**What the task requires**
Each line from the material with the word "bounding" in it must be copied.

**Entries shown**
--
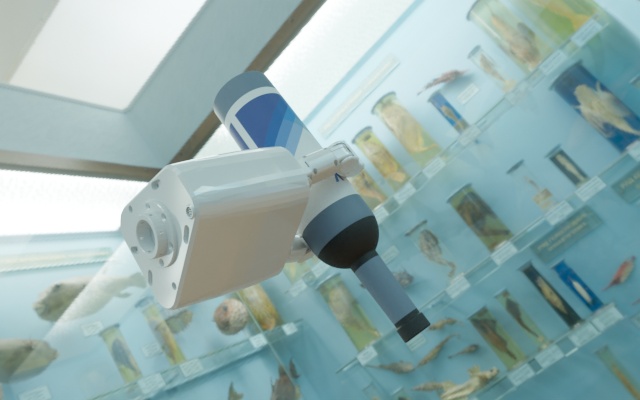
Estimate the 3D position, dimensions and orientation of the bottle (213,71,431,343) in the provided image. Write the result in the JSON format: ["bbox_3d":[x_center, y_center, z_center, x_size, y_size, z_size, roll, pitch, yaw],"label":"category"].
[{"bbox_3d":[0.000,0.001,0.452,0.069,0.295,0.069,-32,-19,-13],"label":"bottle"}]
--
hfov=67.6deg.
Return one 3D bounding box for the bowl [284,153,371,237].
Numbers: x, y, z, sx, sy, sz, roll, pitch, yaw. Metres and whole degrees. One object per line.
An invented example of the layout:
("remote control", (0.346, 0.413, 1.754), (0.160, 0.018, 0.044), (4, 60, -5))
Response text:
--
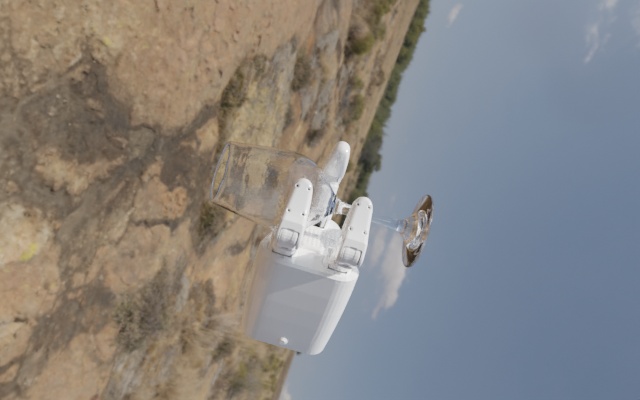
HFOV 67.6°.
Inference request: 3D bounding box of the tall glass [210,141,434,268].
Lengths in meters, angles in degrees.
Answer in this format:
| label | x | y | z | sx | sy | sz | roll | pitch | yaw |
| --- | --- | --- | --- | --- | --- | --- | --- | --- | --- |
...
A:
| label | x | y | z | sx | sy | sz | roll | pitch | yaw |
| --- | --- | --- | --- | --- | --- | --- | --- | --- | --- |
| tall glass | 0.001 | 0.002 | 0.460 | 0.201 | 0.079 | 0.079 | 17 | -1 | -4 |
--
**Response to the exercise**
Return one 3D bounding box for the bowl [284,153,371,237].
Inference request: 3D bounding box of the tall glass [210,141,434,268].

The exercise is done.